Nota de autor: ¡Hola!, gracias por leer este fanfic, la verdad, nunca hice fanfiction, por lo que este es el primero, leo fanfics desde hace muchos años y nunca tuve la oportunidad ni la inspiración para escribir uno, hasta ahora claro, teniendo eso en cuenta tengo que aclarar que los personajes no son míos, solamente modifique la historia y la adapte a esta lectura. La historia está basada en "Tangled: the series" al igual que los personajes, no soy dueña de nada de eso. Por favor sepan disculpar si encuentran una falta de ortografía.Ahora.. ¡espero que disfrutes de la historia!Advertencia: Esta lectura tiene contenido LGBTQ y también explicito o (16), si no te gusta te invito a que te retires.
Capítulo 1: Un nuevo sentimiento
En lo más profundo del reino de Corona, dónde la luz del sol no llegaba a iluminar las paredes, ese apestoso y desagradable lugar, en el que estuvieron tantas almas corrompidas sumergidas en la solitaria oscuridad, era un calabozo hermético, el cuál estaba lleno de los criminales más violentos y desalmados que puedan existir, cualquiera diría que por su aspecto, salieron de alguna saga de películas épicas llenas de bárbaros y nada higiénicos fortachones, es difícil de creer que un lugar tan oscuro como este se encuentre en el Reino de Corona, siendo este último, un sitió tan agradable y armonioso.
En ese mismo y escalofriante lugar se hallaba Varian, un joven de tan solo 14 años de edad, en una asfixiante y fría celda de barrotes oxidados, goteras y cualquier otra insuficiencia sanitaria que te puedas imaginar. El muchacho estaba al tanto de esto, su supervivencia ante este nuevo ambiente no fue fácil de abordar, específicamente por los demás reclusos. La mayoría de ellos tenían un aspecto fornido y robusto, con cicatrices, marcas y tatuajes que orgullosamente gozaban de mostrar y presumir. Al contrario de ellos, las primeras semanas Varian se comportaba de manera pacífica, estaba deprimido y sin objetivo alguno, intentaba no alertar a nadie de su presencia y lo hacía con éxito, esos gigantescos hombres lograban intimidarlo, después de varios meses, se pudo acostumbrar a ver y escuchar las brutales voces y feroces rostros de sus compañeros.

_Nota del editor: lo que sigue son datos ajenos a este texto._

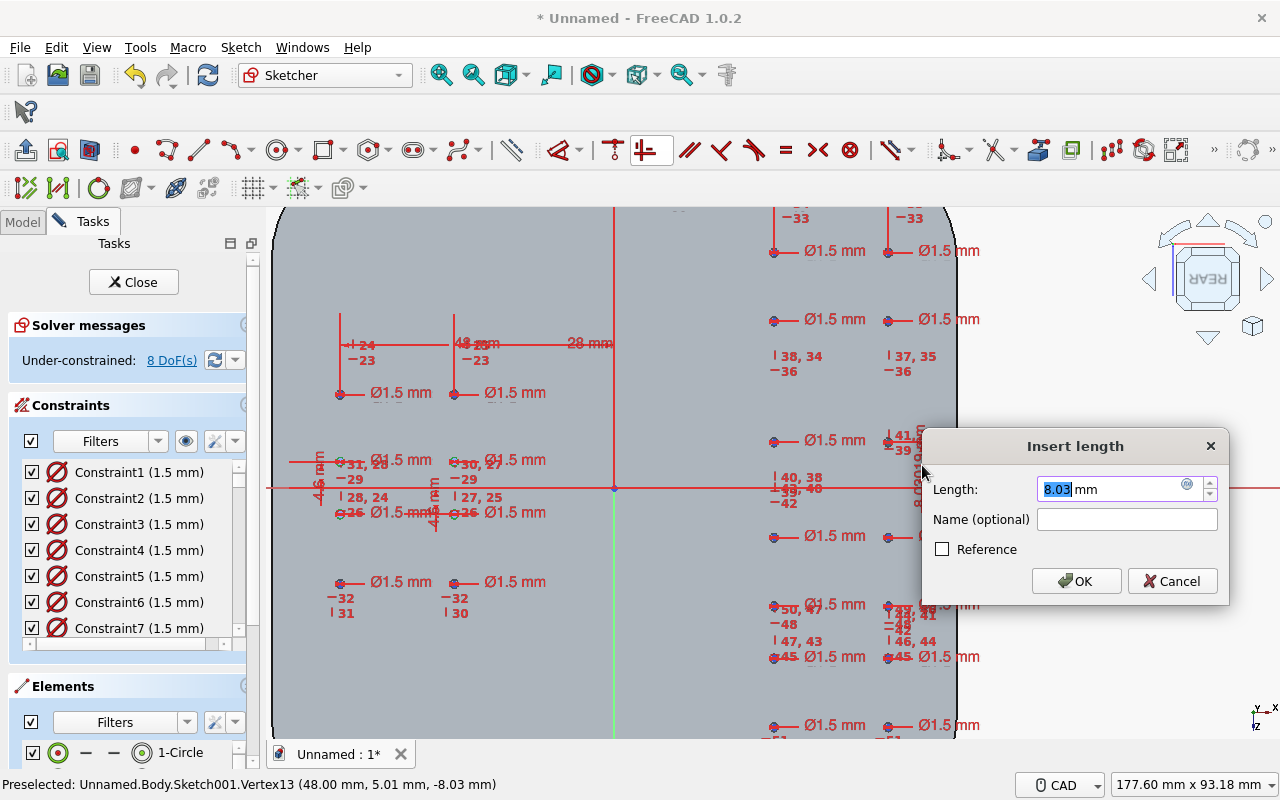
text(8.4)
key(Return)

La monótona rutina que se repetía sin cesar todos los días logro hacer que al cabo de 3 meses se vuelva insoportable y aburrida para el chico, y fue en ese entonces que dejó de sentirse desganado e intimidado. Empezó por idear planes para poder escapar, estaba decidido. "No voy a quedarme aquí por mucho tiempo más, solo estoy perdiendo mi tiempo, soy un científico y soy inteligente puedo salir de aquí, no seré como estos tipos". Se decía a sí mismo.

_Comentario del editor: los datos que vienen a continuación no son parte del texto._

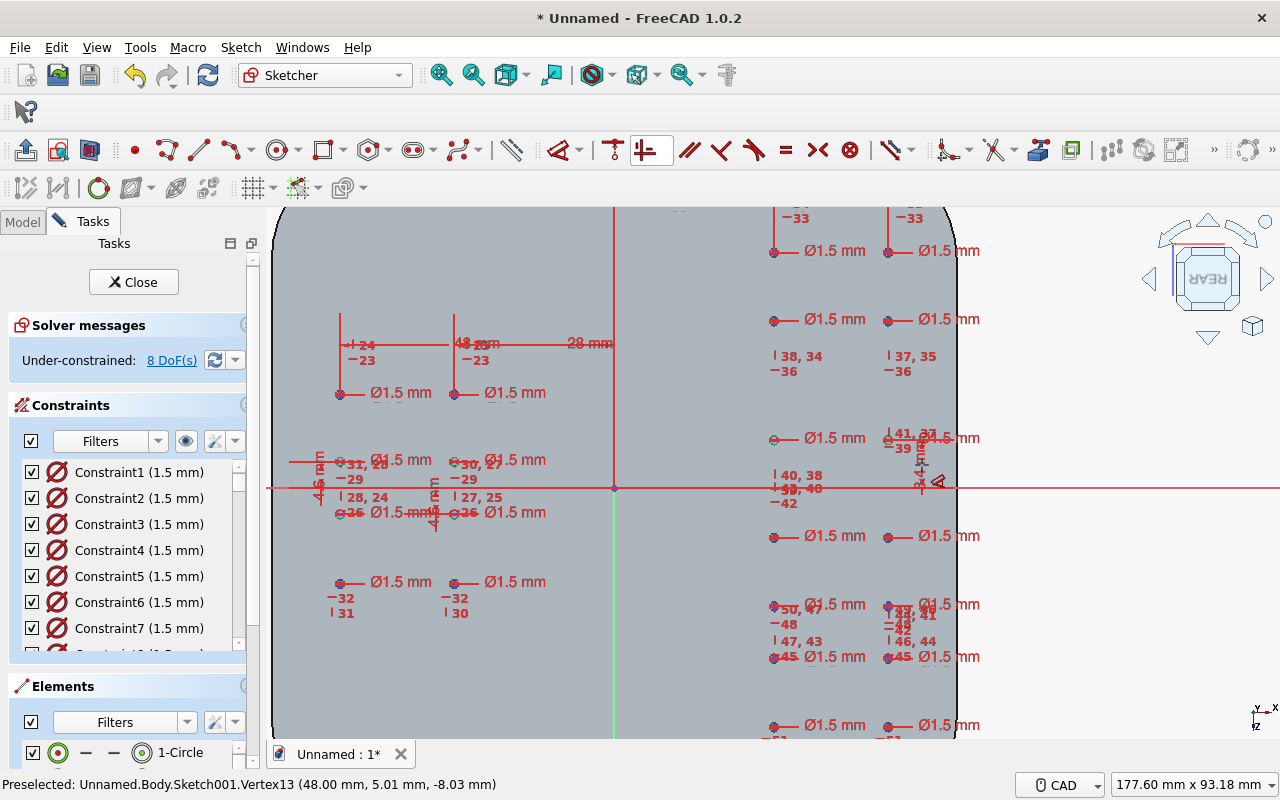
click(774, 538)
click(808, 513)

Sus actitudes perseverantes y decididas pronto se empezaron a manifestar en acciones, Esto dio como resultado que se meta en algunos problemas mínimos con los reclusos ya que ahora ni si quiera se molestaba en evitar discusiones e intentar defenderse. Los hombres de la guardia Real que custodiaban a los criminales también fueron víctimas de estas actitudes y sufrieron algunas travesuras de parte de Varian, debido a que en ocasiones ha tratado de manipularlos, quitarles objetos filosos e incluso seducirlos, terminaron en intentos fallidos y claramente con su correspondiente castigo al final. La princesa Rapunzel especificó al comandante que no iba a permitir que Varian recibiera un maltrato que no sea debido conforme a su edad y a sus crímenes, y por sobre todo, ella no olvidaba que fueron buenos amigos antes de todo lo ocurrido. El comandante obedeció las órdenes directas de la princesa y comunicó a sus hombres que lo traten como tal, así que se limitaron a mandarlo a hacer tareas de limpieza, reprenderlo por sus acciones y darle alguna nalgada, nunca va más allá de hacerlo sollozar.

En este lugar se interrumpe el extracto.